Improving std.algorithm.find

Andrei Alexandrescu SeeWebsiteForEmail at erdani.org
Mon Jul 19 15:44:18 PDT 2010


On 07/19/2010 05:36 PM, Dmitry Olshansky wrote:
> On 20.07.2010 0:05, Philippe Sigaud wrote:
>> On Mon, Jul 19, 2010 at 21:23, Andrei Alexandrescu
>> <SeeWebsiteForEmail at erdani.org <mailto:SeeWebsiteForEmail at erdani.org>>
>> wrote:
>>
>>
>> What I personally would like is a way to find an element in an
>> ordered
>> container (binary tree...)
>>
>>
>> Wouldn't that be a member of the binary tree?
>>
>>
>> Yes, indeed. Unless I define some cousin to range, a recursive range,
>> to iterate on any recursive container, like trees or graphs and then
>> devise algorithms on them. I played with this idea a few weeks ago but
>> went to do other things. Anyway, carry on.
>> Btw, I still plan to update some simple generic graphs and trees
>> structs to obey TotalContainer interface when it makes sense, and
>> update my graph algorithms accordingly. If I ever get somewhere, I'll
>> post something.
>>
>>
>> Aren't such scenarios better served by putting the limits
>> inside the
>> predicate? Otherwise the list of what can be done could go
>> on forever.
>>
>>
>> The problem is that, as the predicate is passed at
>> compile-time, the
>> limits must be CT-defined too. I'd like the limits to be
>> defined at
>> runtime. I run into this regularly, while using predicates in
>> std.algorithms.
>>
>>
>> I think this is a misunderstanding.

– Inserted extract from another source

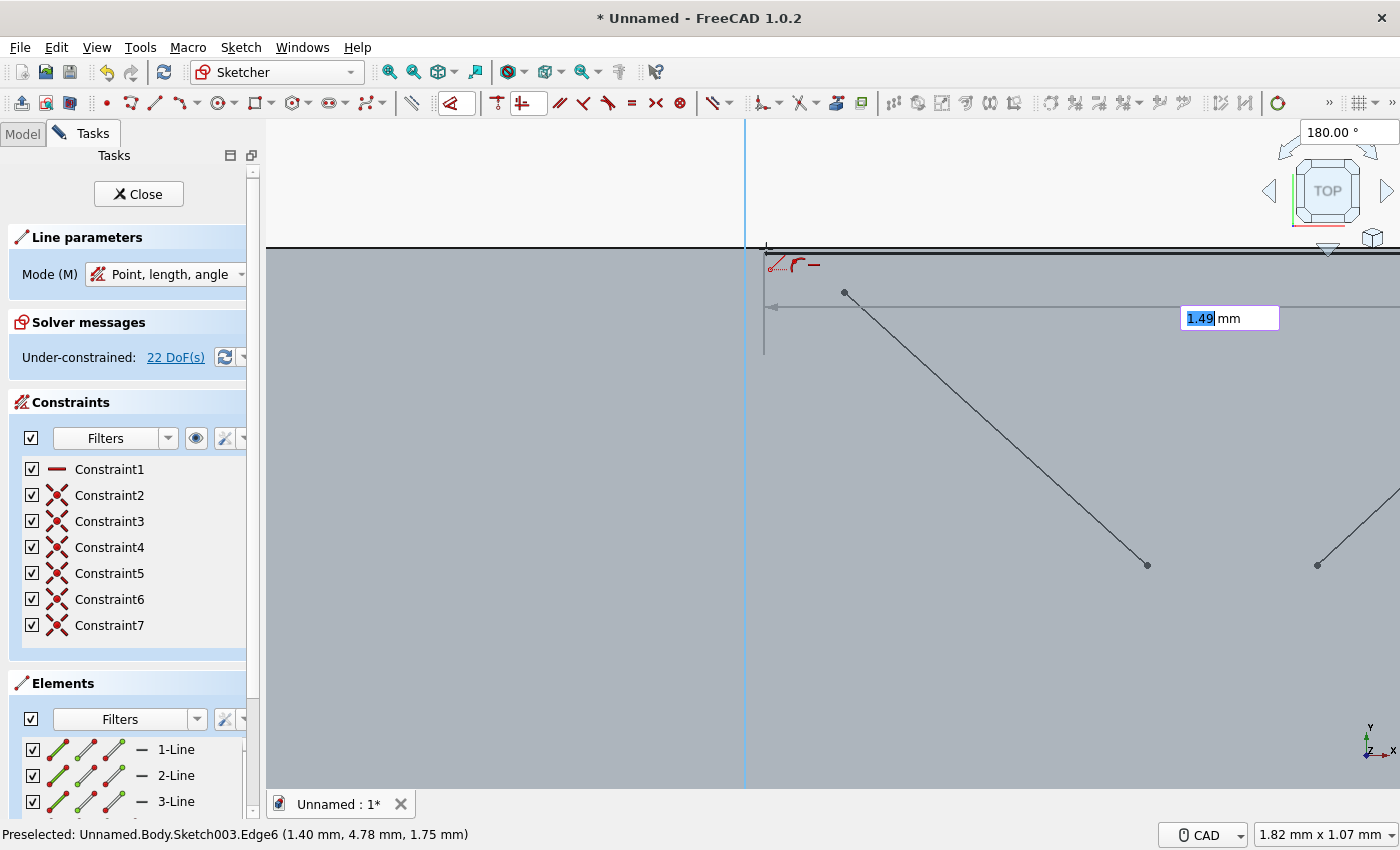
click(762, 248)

All of std.algorithm works
>> with delegates:
>>
>>
>> int[] a = [ 1, 4, 2, 3 ];
>> int b = 2;
>> assert(find!((x) { return x > b; })(a) == [4, 2, 3]);
>>
>> Ah yes, but I regularly use algorithms structs as return values, like
>> this:
>>
>> auto nTimes(E, R)(E multiplier, R range)
>> {
>> return map!((ElementType!R e) { return e*multiplier;})(range);
>> }
> Try this workaround, replacing delegate with nested function, works for me:
> auto nTimes(E, R)(E multiplier, R range){
> ElementType!R fun(ElementType!R e) { return e*multiplier; }
> return map!(fun)(range);
> }
> For some reason, compiler never plays nice with map, and I believe there
> are some issues with current implementation (2.047 release ) that Andrei
> (hopefully) fixed in recent commit.

Yes, I'd discussed this with Walter on Friday and he said the semantics 
should be identical in the two cases. So we're dealing with a compiler bug.